Now, more than three decades later, Albert Kemp and his wife Alicia are running a successful and growing trout business in the Overberg from an unassuming smallholding – with clear plans for expanding.

The Kemps founded B-bos Trout nine years ago on their property in Baardskeerdersbos, about 20km from Gansbaai in the Western Cape. Albert, who grew up on a grain and cattle farm near Swellendam, had dabbled in fish farming as a child and then studied aquaculture at Stellenbosch University.

He has been a fish farmer since 2006. He worked on a fish farm on the Overberg coast, where his current business evolved out of his prior involvement with a commercial Norwegian salmon farm at Gansbaai.

“In the salmon business we were raising the fingerlings in a dam on a nearby farm, from where the salmon would be transferred into cages in the sea to finish growing,” Albert recalls.

Alicia (left) and Albert Kemp are the hands-on couple behind B‘bos Trout.

When the salmon project proved to be unviable and closed down two years later, the Kemps stayed on at the same farm and started raising rainbow trout fingerlings in the dam and rearing them to adulthood to sell.

After a few years, they relocated the operation to Lomond Wine Estate, where they still run a part of their operation. Nine years ago the couple also established a permanent base for their business on their own smallholding in Baardskeerdersbos.

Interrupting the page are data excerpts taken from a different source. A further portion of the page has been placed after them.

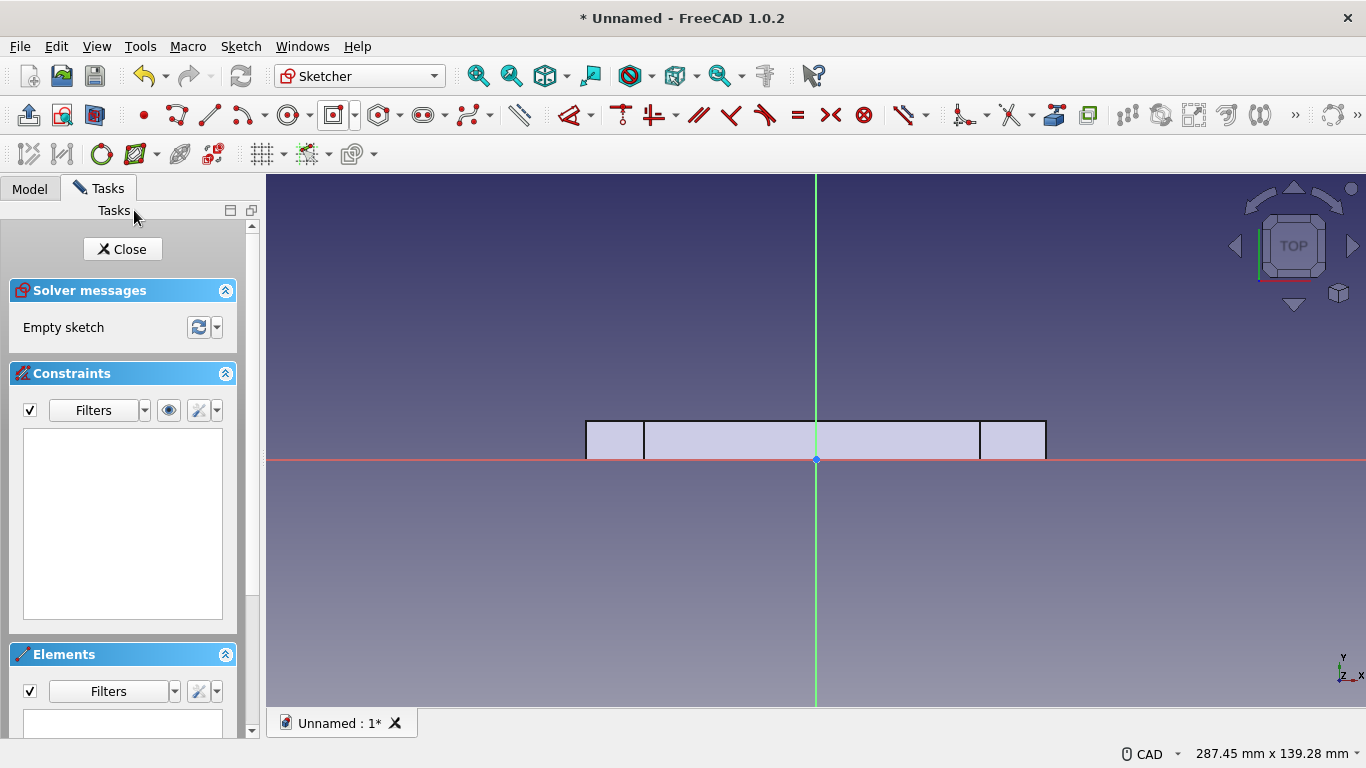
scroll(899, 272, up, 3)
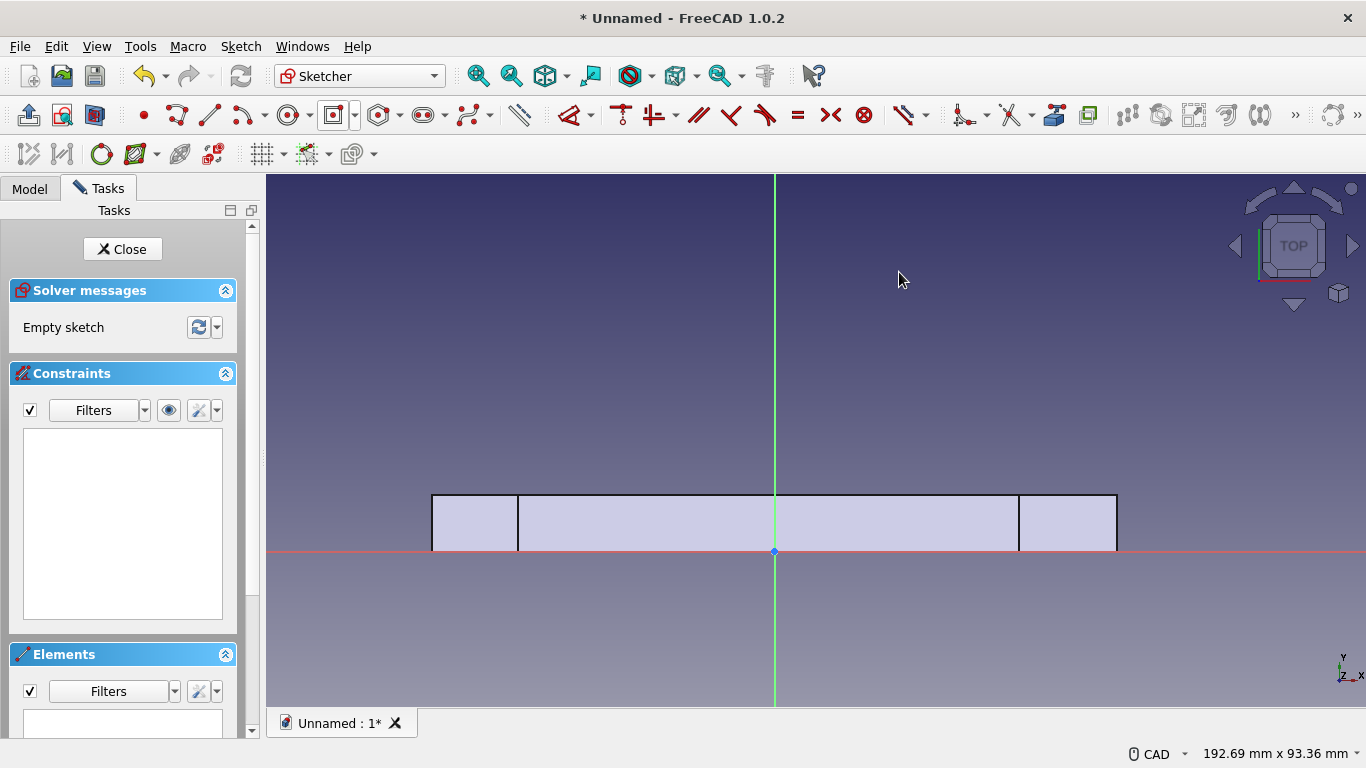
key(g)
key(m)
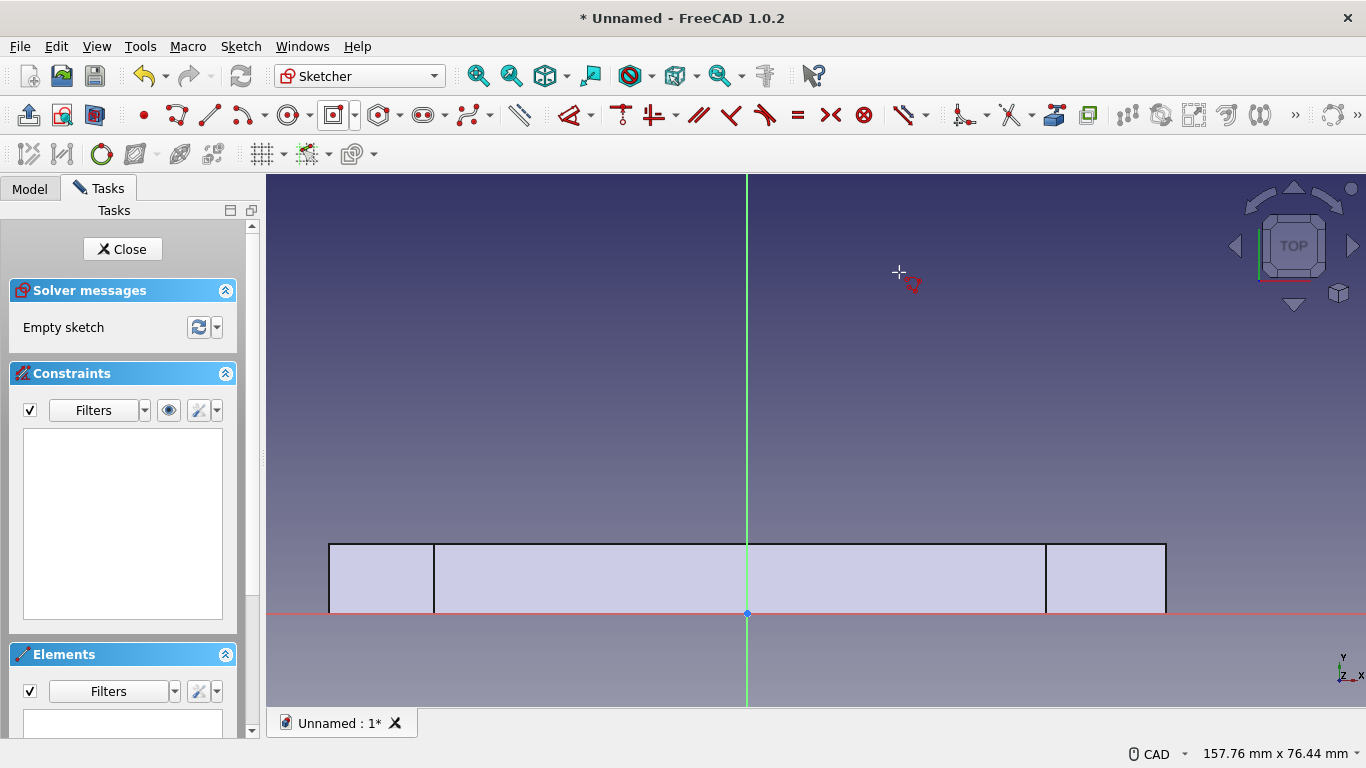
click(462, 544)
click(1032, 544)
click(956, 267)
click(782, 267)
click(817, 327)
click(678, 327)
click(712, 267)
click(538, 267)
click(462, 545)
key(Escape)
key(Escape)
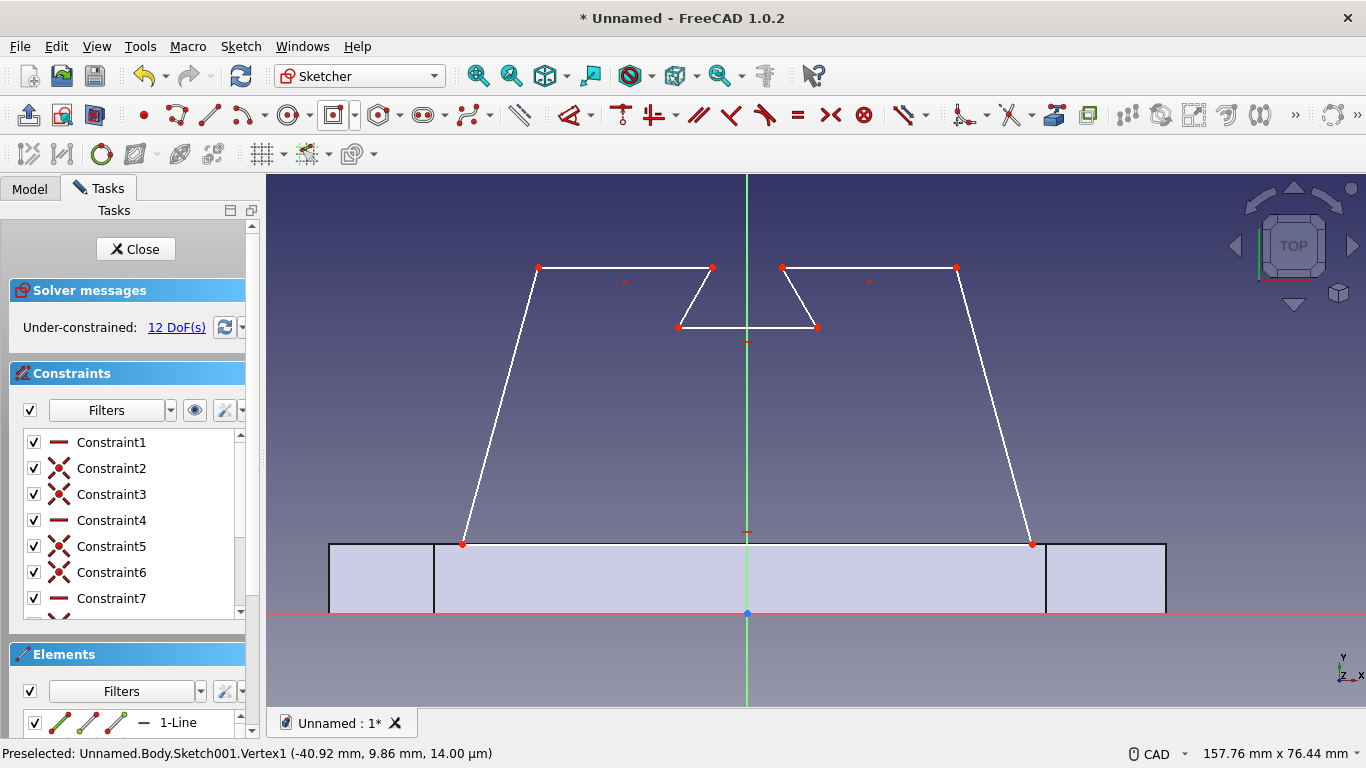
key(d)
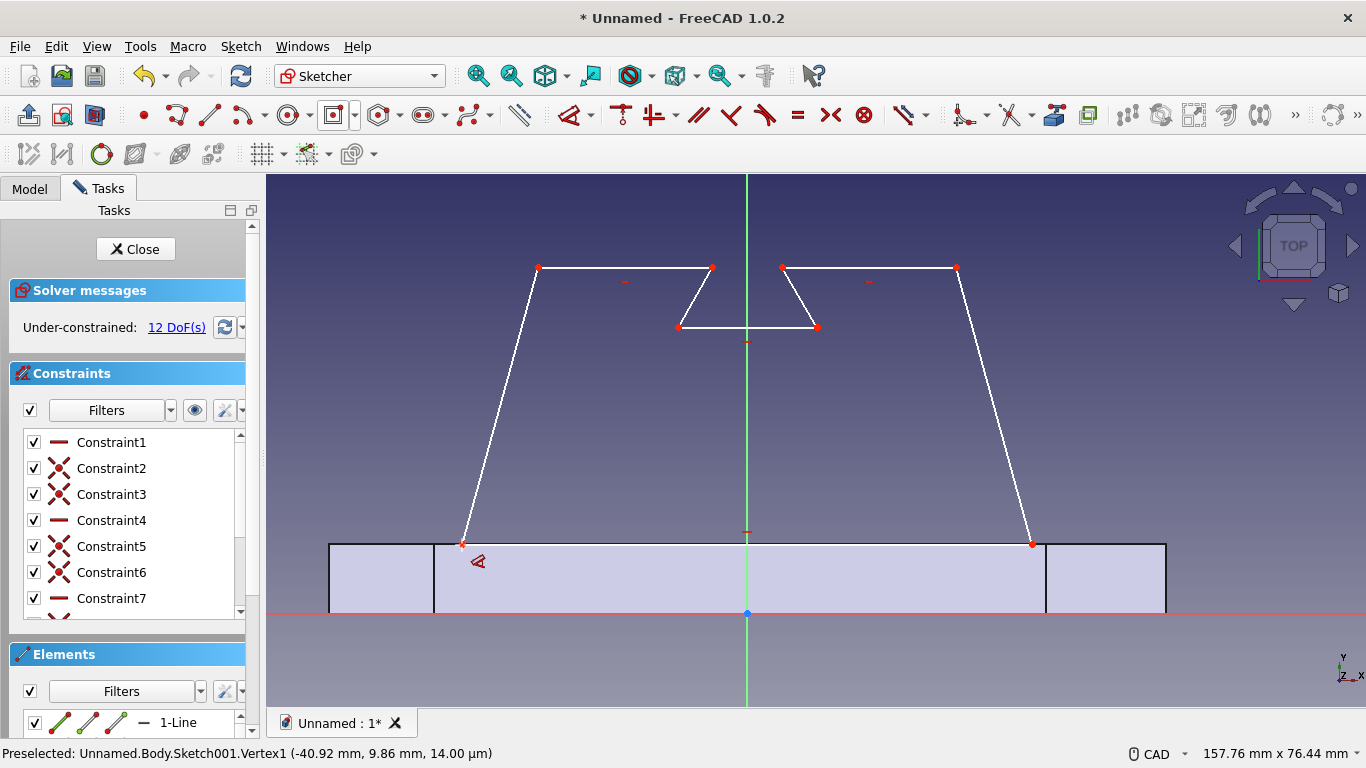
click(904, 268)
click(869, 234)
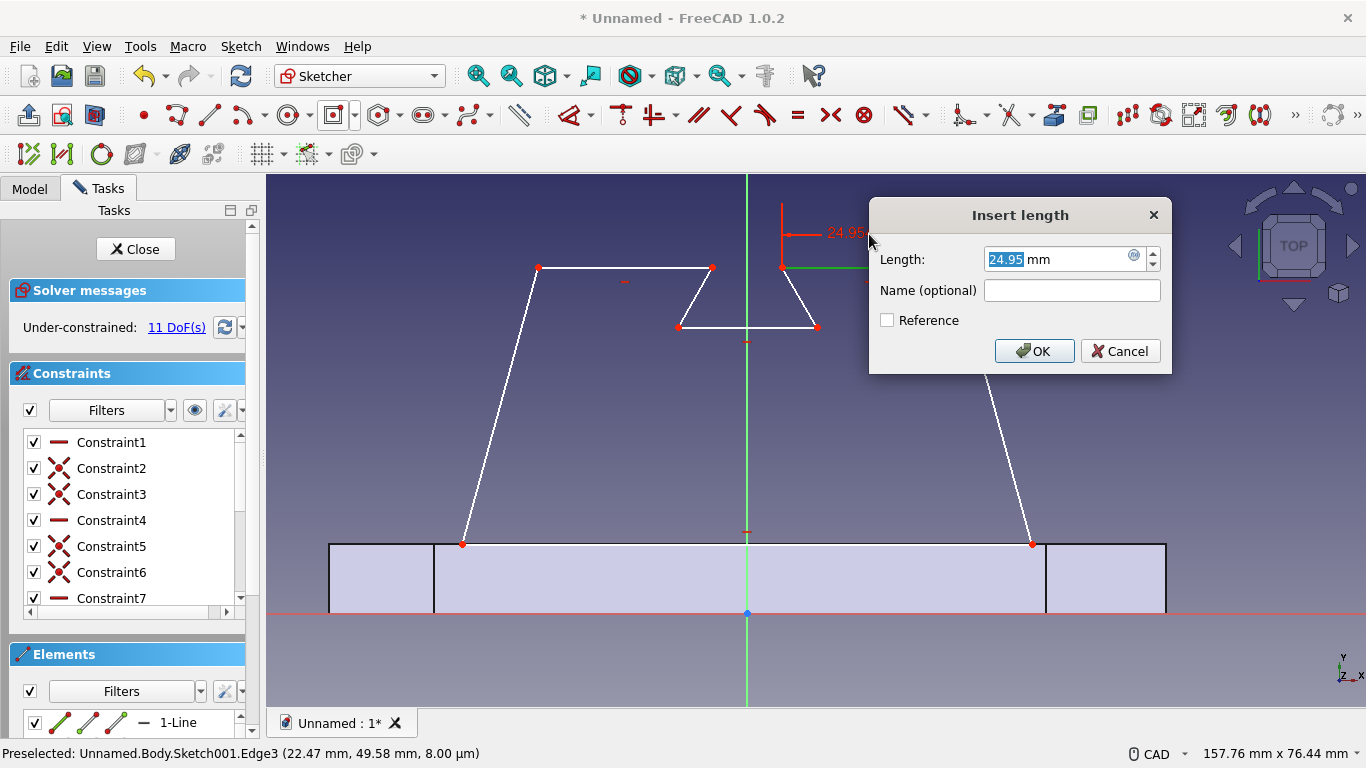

“We buy the fertilised trout ova from Lunsklip Fisheries in Mpumalanga, hatch them ourselves and grow them in our ponds on the farm, and at Lomond. We source the feed from Specialised Aquatic Feeds, which supplies the aquaculture industry and also manufactures pet food in Hermanus,” says Albert.

Albert and Alicia produce between 40t and 45t of trout annually, of which just under half is sold in bulk to a processor in Cape Town that packages and sells it on to other distributors. The balance they pack themselves throughout the year. Their clients are mostly restaurants and small local retailers, but they also sell direct to the public online.

24/7 operation

The district surrounding Albert and Alicia’s trout farm is dotted with dairy farms, and much like dairy farming, trout farming is a full-time job, of which they do much themselves even though it is a very labour-intensive enterprise.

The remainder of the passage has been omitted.